● **ABOUT THIS TASK**
All of the data that follows should be retyped exactly, please, except the pictures.

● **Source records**
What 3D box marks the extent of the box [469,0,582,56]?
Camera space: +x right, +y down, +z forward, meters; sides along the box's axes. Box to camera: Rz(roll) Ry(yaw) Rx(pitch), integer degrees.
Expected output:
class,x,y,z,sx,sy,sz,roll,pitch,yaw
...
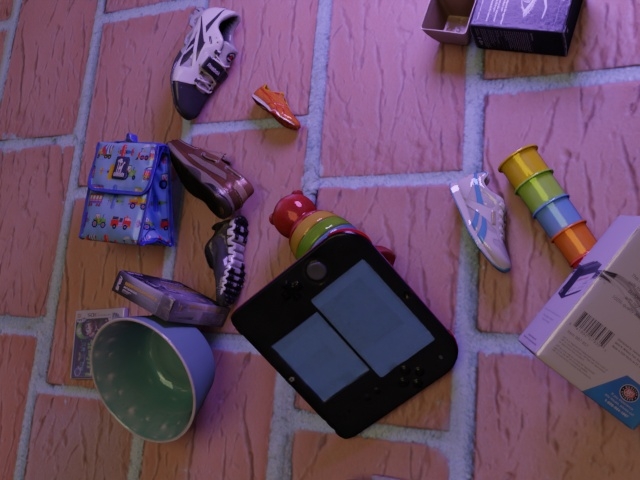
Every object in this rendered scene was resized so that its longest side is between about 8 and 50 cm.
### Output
class,x,y,z,sx,sy,sz,roll,pitch,yaw
box,0.453,-0.504,1.398,0.207,0.108,0.153,16,85,26

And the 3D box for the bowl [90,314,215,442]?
class,x,y,z,sx,sy,sz,roll,pitch,yaw
bowl,-0.374,0.300,1.518,0.312,0.163,0.311,9,110,26

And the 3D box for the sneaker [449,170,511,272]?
class,x,y,z,sx,sy,sz,roll,pitch,yaw
sneaker,0.355,-0.041,1.346,0.092,0.087,0.228,-26,70,15

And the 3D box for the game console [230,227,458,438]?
class,x,y,z,sx,sy,sz,roll,pitch,yaw
game console,0.056,0.198,1.330,0.342,0.060,0.386,-39,100,10

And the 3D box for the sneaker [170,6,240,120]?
class,x,y,z,sx,sy,sz,roll,pitch,yaw
sneaker,-0.303,-0.486,1.730,0.146,0.122,0.330,8,82,28

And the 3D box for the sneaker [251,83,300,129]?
class,x,y,z,sx,sy,sz,roll,pitch,yaw
sneaker,-0.107,-0.347,1.643,0.067,0.064,0.175,-44,67,-2

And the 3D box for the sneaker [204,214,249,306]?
class,x,y,z,sx,sy,sz,roll,pitch,yaw
sneaker,-0.245,0.053,1.605,0.106,0.078,0.234,-3,73,27

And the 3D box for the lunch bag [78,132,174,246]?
class,x,y,z,sx,sy,sz,roll,pitch,yaw
lunch bag,-0.505,-0.138,1.702,0.221,0.138,0.293,5,90,28

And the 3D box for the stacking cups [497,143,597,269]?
class,x,y,z,sx,sy,sz,roll,pitch,yaw
stacking cups,0.486,-0.044,1.296,0.096,0.096,0.316,-34,72,14

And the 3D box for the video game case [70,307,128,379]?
class,x,y,z,sx,sy,sz,roll,pitch,yaw
video game case,-0.604,0.282,1.740,0.173,0.022,0.190,-6,75,23

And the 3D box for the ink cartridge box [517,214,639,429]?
class,x,y,z,sx,sy,sz,roll,pitch,yaw
ink cartridge box,0.549,0.139,1.146,0.223,0.129,0.307,38,95,0

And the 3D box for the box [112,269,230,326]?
class,x,y,z,sx,sy,sz,roll,pitch,yaw
box,-0.357,0.143,1.543,0.183,0.231,0.056,22,89,27

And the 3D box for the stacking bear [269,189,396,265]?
class,x,y,z,sx,sy,sz,roll,pitch,yaw
stacking bear,0.000,0.000,1.464,0.175,0.164,0.289,-50,59,6

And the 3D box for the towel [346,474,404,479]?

● **SOLVED PROBLEM**
What 3D box marks the extent of the box [469,0,582,56]?
Camera space: +x right, +y down, +z forward, meters; sides along the box's axes. Box to camera: Rz(roll) Ry(yaw) Rx(pitch), integer degrees.
Expected output:
class,x,y,z,sx,sy,sz,roll,pitch,yaw
...
Every object in this rendered scene was resized so that its longest side is between about 8 and 50 cm.
### Output
class,x,y,z,sx,sy,sz,roll,pitch,yaw
box,0.453,-0.504,1.398,0.207,0.108,0.153,16,85,26

And the 3D box for the bowl [90,314,215,442]?
class,x,y,z,sx,sy,sz,roll,pitch,yaw
bowl,-0.374,0.300,1.518,0.312,0.163,0.311,9,110,26

And the 3D box for the sneaker [449,170,511,272]?
class,x,y,z,sx,sy,sz,roll,pitch,yaw
sneaker,0.355,-0.041,1.346,0.092,0.087,0.228,-26,70,15

And the 3D box for the game console [230,227,458,438]?
class,x,y,z,sx,sy,sz,roll,pitch,yaw
game console,0.056,0.198,1.330,0.342,0.060,0.386,-39,100,10

And the 3D box for the sneaker [170,6,240,120]?
class,x,y,z,sx,sy,sz,roll,pitch,yaw
sneaker,-0.303,-0.486,1.730,0.146,0.122,0.330,8,82,28

And the 3D box for the sneaker [251,83,300,129]?
class,x,y,z,sx,sy,sz,roll,pitch,yaw
sneaker,-0.107,-0.347,1.643,0.067,0.064,0.175,-44,67,-2

And the 3D box for the sneaker [204,214,249,306]?
class,x,y,z,sx,sy,sz,roll,pitch,yaw
sneaker,-0.245,0.053,1.605,0.106,0.078,0.234,-3,73,27

And the 3D box for the lunch bag [78,132,174,246]?
class,x,y,z,sx,sy,sz,roll,pitch,yaw
lunch bag,-0.505,-0.138,1.702,0.221,0.138,0.293,5,90,28

And the 3D box for the stacking cups [497,143,597,269]?
class,x,y,z,sx,sy,sz,roll,pitch,yaw
stacking cups,0.486,-0.044,1.296,0.096,0.096,0.316,-34,72,14

And the 3D box for the video game case [70,307,128,379]?
class,x,y,z,sx,sy,sz,roll,pitch,yaw
video game case,-0.604,0.282,1.740,0.173,0.022,0.190,-6,75,23

And the 3D box for the ink cartridge box [517,214,639,429]?
class,x,y,z,sx,sy,sz,roll,pitch,yaw
ink cartridge box,0.549,0.139,1.146,0.223,0.129,0.307,38,95,0

And the 3D box for the box [112,269,230,326]?
class,x,y,z,sx,sy,sz,roll,pitch,yaw
box,-0.357,0.143,1.543,0.183,0.231,0.056,22,89,27

And the 3D box for the stacking bear [269,189,396,265]?
class,x,y,z,sx,sy,sz,roll,pitch,yaw
stacking bear,0.000,0.000,1.464,0.175,0.164,0.289,-50,59,6

And the 3D box for the towel [346,474,404,479]?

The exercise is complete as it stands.